The idea is to count the mappings between two simple graphs $G$ and $H$ on the same vertex set $V$ according to the intersection of the image of $G$ with $H$. Each such mapping is determined by a permutation $\sigma$ of $V$, which one extends to $G=(V,E)$ by setting $\sigma(G):=(V,\sigma(E))$, where $\sigma(E):=\{\sigma(u)\sigma(v):uv\in E\}$. For each spanning subgraph $F$ of $G$, we consider the permutations of $G$ which map the edges of $F$ onto edges of $H$ and the remaining edges of $G$ onto edges of $\bar H$. We denote their number by $|G\to H|_F$, that is: $$|G\to H|_F:=|\{\sigma\in S_n:\sigma(G)\cap H=\sigma(F)\}|$$

I personally deciphered the notation |G->H|F as no. of distinct mapping of edges from a spanning subgraph F of G to H and the remaining edges (edges of G - edges of F) being mapped to H' taken together.
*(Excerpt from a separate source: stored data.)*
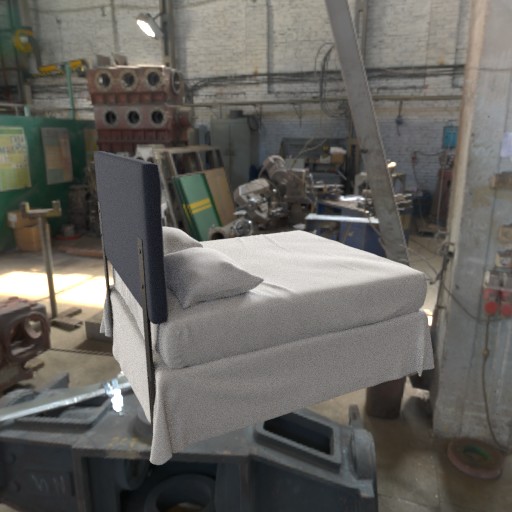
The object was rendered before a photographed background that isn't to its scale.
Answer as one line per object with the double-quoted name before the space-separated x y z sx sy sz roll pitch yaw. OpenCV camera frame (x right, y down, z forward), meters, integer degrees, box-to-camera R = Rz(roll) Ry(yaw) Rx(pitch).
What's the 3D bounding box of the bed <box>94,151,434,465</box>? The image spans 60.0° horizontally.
"bed" 0.000 0.000 3.452 2.222 1.577 1.936 -8 17 -26
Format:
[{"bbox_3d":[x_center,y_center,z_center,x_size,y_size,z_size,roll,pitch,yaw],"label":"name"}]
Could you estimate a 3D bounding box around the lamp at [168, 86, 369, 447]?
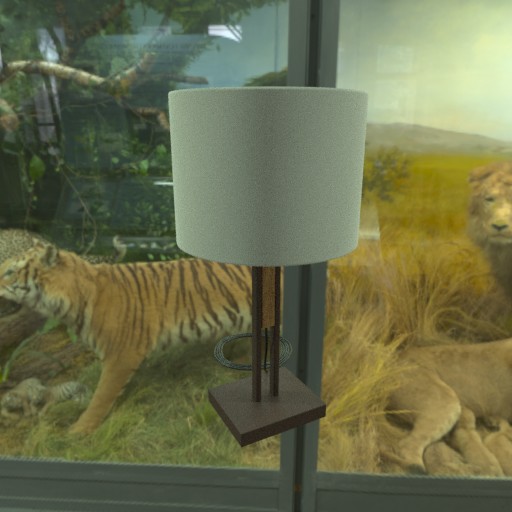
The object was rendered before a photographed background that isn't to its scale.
[{"bbox_3d":[0.000,0.000,0.982,0.396,0.668,0.525,-9,19,-27],"label":"lamp"}]
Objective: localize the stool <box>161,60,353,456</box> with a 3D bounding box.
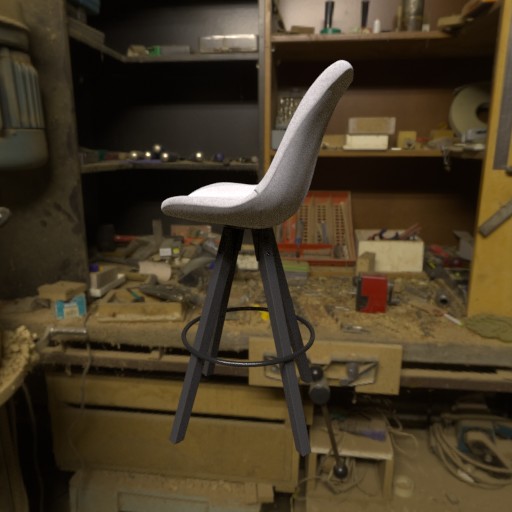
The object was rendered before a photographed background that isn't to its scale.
[{"bbox_3d":[0.000,0.000,1.424,0.550,1.115,0.485,2,15,8],"label":"stool"}]
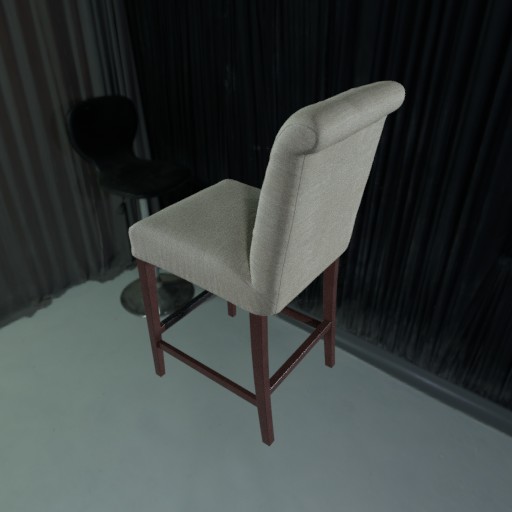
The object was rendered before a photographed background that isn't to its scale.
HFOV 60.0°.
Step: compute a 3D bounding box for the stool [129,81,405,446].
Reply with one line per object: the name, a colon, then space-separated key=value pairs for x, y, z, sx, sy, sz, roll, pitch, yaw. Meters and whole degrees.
stool: x=0.000 y=0.000 z=1.436 sx=0.660 sy=1.084 sz=0.486 roll=21 pitch=38 yaw=30
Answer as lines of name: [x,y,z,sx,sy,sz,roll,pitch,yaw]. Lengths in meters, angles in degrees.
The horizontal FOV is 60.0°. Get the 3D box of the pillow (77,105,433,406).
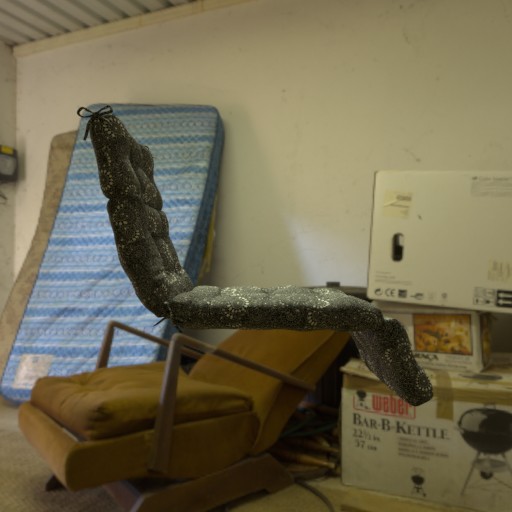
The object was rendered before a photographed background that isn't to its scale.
pillow: [0.000,0.000,1.493,1.016,0.863,0.526,0,-1,-1]
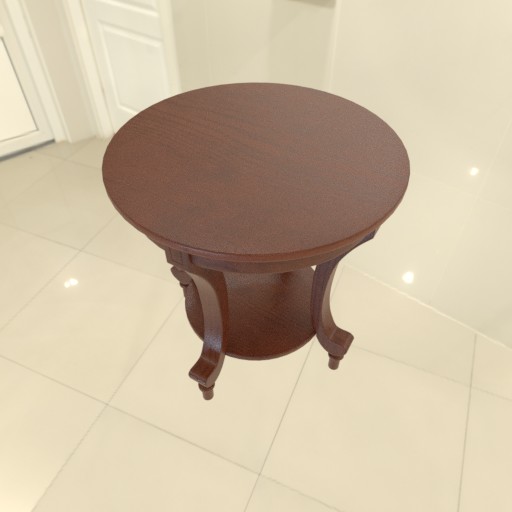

In short it would be most helpful if someone could explain what |G → H|F notation means, would be most helpful with a simple example graph. And sorry if it is a trivial question because I am new to graph theory and the biggest problem that I mostly face is understanding what a theorem means because of the extensive use of mathematical symbols and notations and I mostly interpret wrong or miss out something.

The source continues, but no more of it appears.